WWFジャパン気候変動・エネルギーグループリーダーの山岸尚之氏から、日本の気候変動・エネルギー政策を巡る課題について(1)再生可能エネルギーの冷遇(2)国・企業間で押し付け合う原子力リスク(3)石炭への依存(4)パリ協定の下で求められる気候変動目標の強化――等の話がありました。
気候ネットワーク東京事務局長の桃井貴子氏からは、石炭火力発電所を巡る現状と課題について説明があり、脱石炭火力に向けて各国が取り組むなか日本は遅れていると指摘。(1)パリ協定の遵守(2)「脱石炭」の目標年を定める(3)エネルギー基本計画の抜本的見直し(4)石炭関連法(環境アセスメント法、省エネ法)の見直し(5)カーボンプライシングの導入(6)原発ゼロ基本法案に脱炭素社会に向けた視点を盛り込む―等の提言・提案がありました。
原子力資料情報室事務局長の松久保肇氏からは、原子力を巡る課題として(1)原子力を巡る世界の状況=原子力は市場経済では生き残れない(2)日本の原発コスト試算=原発・石炭の発電コストは高い(3)プルトニウム余剰問題=プルトニウム問題は資源ではなく核拡散の問題――等の話がありました。

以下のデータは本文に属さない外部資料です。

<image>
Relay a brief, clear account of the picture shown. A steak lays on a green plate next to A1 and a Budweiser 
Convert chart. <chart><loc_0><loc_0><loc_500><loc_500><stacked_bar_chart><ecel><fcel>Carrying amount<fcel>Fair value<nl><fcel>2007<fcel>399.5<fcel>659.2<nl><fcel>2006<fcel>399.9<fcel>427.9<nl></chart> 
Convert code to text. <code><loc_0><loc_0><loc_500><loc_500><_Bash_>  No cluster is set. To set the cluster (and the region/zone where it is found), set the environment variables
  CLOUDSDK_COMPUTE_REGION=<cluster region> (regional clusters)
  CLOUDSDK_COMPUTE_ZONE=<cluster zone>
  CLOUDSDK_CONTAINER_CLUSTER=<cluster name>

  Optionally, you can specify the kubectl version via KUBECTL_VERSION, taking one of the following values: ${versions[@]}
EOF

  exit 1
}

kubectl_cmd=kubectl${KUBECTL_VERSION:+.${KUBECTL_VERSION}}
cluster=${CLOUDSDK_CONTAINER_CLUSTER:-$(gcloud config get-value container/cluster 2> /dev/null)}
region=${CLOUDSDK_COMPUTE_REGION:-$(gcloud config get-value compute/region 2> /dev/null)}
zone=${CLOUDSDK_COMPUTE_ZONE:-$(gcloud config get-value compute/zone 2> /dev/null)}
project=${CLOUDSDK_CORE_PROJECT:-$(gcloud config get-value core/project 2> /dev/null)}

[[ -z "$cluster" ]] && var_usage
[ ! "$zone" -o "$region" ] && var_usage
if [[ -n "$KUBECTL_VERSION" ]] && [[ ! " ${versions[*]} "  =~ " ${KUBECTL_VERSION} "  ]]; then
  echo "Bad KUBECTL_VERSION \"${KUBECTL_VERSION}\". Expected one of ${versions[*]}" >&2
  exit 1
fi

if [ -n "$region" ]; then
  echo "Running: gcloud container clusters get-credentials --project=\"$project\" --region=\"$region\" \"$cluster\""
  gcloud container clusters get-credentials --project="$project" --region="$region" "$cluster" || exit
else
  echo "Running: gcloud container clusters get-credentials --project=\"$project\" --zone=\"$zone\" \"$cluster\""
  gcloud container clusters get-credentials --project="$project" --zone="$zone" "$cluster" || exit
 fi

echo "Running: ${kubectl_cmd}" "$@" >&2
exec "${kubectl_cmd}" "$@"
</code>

環境エネルギー政策研究所主席研究員の松原弘道氏からは再生可能エネルギーを巡る現状と課題として、世界のエネルギー需要に占める自然エネルギーの割合や、国別の再生可能エネルギーへの投資額、世界の再生可能エネルギーによる雇用等の話がありました。またエネルギー基本計画に対し(1)自然エネルギー、省エネルギー、地域主導の「3本柱」へ(2)自然エネルギーを基幹エネルギーに位置づけインフラ整備を(3)3.11東京電力福島第一原発事故の教訓を踏まえた現実的な脱原発(4)情報交換と国民参加の開かれた議論の場が必要――等の提言がありました。

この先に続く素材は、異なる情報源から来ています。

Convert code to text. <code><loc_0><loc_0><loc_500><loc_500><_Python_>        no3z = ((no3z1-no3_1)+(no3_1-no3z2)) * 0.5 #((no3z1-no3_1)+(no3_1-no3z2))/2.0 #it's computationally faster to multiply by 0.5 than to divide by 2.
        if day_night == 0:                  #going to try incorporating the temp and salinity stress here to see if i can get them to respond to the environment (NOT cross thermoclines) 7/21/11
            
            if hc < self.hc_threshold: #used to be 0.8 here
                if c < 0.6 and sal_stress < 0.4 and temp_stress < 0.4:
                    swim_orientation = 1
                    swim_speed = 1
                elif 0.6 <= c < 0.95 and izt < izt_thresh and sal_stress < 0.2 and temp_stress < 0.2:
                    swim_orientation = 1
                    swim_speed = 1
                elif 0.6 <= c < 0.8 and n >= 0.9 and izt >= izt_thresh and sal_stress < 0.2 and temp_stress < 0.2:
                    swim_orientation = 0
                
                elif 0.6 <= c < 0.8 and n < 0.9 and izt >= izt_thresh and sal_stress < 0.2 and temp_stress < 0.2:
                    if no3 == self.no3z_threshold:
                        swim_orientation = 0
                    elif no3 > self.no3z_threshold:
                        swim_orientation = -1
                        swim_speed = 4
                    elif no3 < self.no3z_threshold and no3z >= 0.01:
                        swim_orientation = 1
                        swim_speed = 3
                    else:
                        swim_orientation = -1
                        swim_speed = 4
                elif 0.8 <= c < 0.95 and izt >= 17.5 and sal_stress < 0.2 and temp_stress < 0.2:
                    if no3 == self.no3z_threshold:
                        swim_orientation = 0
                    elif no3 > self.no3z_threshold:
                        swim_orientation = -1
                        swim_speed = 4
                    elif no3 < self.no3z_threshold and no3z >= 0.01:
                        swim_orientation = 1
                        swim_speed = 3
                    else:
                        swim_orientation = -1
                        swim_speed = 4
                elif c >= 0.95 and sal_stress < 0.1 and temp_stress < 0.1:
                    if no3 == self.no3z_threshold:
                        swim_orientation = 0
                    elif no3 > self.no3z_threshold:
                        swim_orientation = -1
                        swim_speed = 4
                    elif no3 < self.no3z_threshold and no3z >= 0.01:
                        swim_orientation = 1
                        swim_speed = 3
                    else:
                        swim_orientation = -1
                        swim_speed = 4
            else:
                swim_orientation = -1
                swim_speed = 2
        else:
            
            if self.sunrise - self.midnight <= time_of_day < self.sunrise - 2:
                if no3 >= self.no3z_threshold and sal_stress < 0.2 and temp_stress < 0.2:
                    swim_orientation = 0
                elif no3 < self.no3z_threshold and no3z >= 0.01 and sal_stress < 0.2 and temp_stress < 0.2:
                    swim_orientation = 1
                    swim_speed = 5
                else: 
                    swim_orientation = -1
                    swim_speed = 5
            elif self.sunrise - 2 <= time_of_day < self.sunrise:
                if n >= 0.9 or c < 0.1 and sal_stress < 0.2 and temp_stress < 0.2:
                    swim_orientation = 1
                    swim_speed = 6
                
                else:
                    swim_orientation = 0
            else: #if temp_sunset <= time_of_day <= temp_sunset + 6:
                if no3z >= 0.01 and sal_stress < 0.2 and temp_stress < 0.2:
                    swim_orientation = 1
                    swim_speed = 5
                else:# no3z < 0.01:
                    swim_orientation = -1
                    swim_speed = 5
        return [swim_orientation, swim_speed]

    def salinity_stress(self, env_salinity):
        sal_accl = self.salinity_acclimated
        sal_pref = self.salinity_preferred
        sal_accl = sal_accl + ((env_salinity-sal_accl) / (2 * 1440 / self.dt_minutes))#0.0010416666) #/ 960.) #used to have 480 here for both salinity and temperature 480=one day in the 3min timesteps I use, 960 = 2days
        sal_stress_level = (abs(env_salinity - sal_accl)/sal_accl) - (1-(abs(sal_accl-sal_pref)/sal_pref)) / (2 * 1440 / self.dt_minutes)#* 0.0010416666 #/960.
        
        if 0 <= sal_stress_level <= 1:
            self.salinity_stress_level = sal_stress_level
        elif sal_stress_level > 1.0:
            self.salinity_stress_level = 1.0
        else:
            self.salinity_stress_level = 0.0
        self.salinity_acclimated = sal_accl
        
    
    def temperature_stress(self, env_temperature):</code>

CAN-Japan代表の平田仁子氏からはパリ協定と長期戦略に向け、日本の役割、効果的な政策手段、気候政策と経済の関係、重視する技術、筋道の示し方等の争点整理をした上で、パリ協定に整合し、責任を十分果たしうる大幅な削減を示し、着実で長期的視点に立ったグランドデザインと政策が必要との話があり(1)「社会的包摂」を実現する社会の基礎として「パリ協定」を位置づける(2)2030年26%削減目標引き上げ(3)エネルギー転換、温室効果ガス削減を経済・雇用政策と統合させ、速やかな移行を行う(4)公正・透明で市民参加型びプロセスと国会承認の確保――等の提言がありました。

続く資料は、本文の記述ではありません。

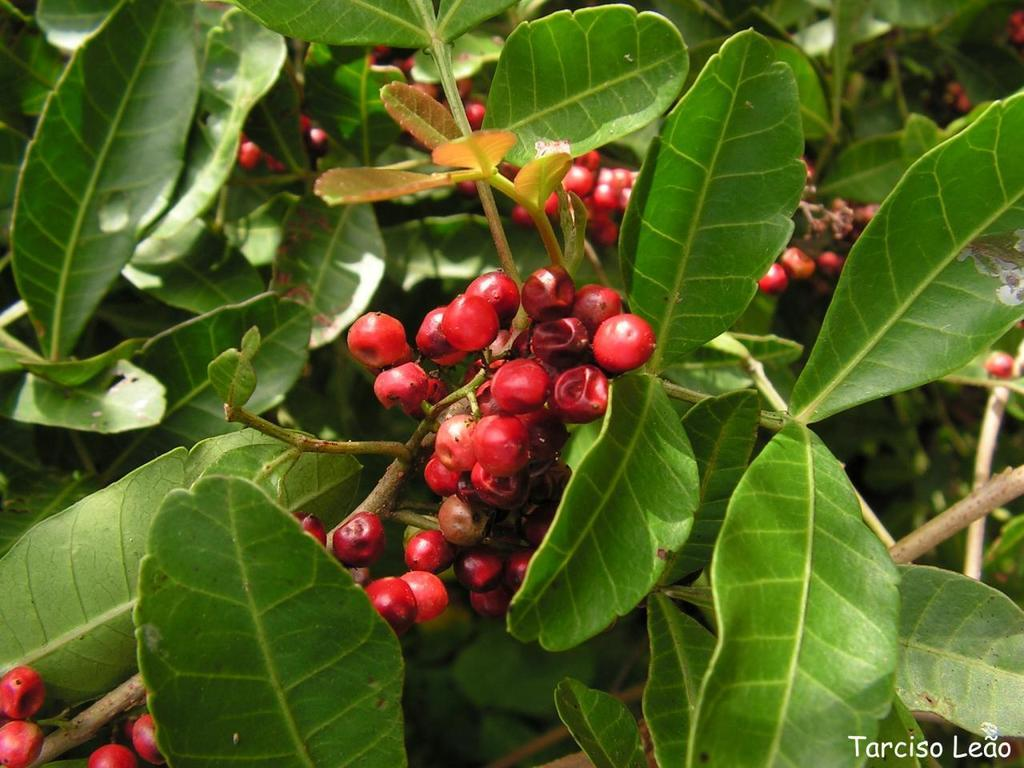What type of plants are visible in the image? The plants in the image have fruits on them. What can be found on the plants in the image? Fruits are on the plants in the image. How many sails are visible on the queen in the image? There is no queen or sail present in the image; it features plants with fruits. 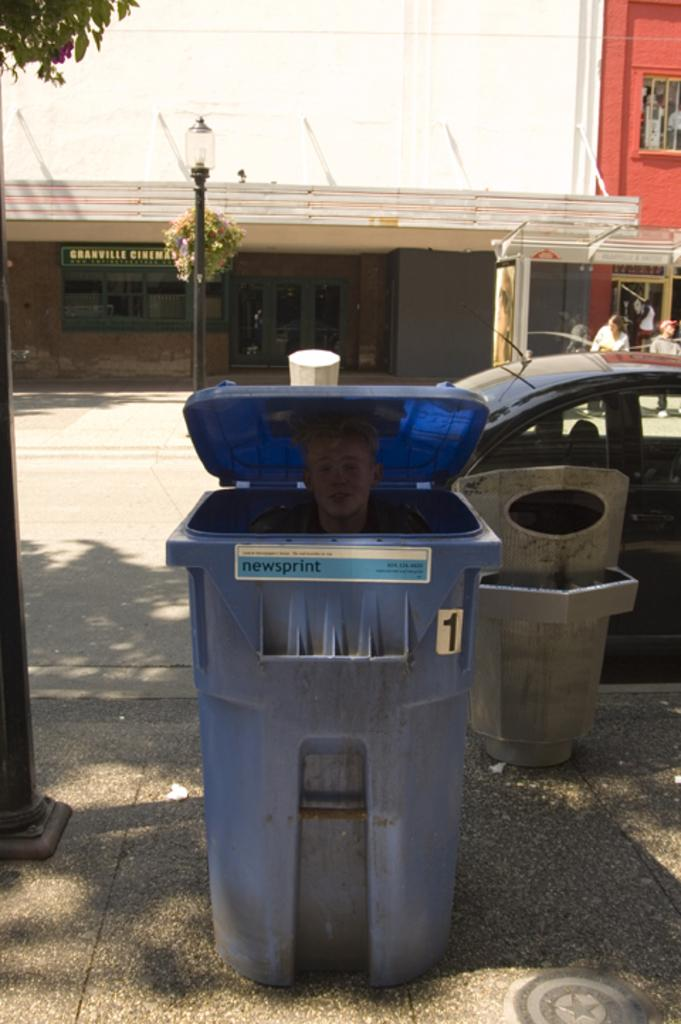<image>
Provide a brief description of the given image. A blue garbage can numbered 1 with a person inside

意見交換の後、グリーン連合共同代表の藤村コノヱ氏から今回の総括として(1)政府にだけ任せるのではなく、国会・議員としてこうした問題の解決を進めていただきたい(2)政策形成プロセスに市民が参加するシステムの構築(3)政策形成が仕事として与えられ政府が保証する制度へ(4)政党は日本をどういう国・社会にするかを示し、その中でエネルギー・環境についてのビジョンを掲げ、個々の政策を実践的に進めていただきたい――などの話がありました。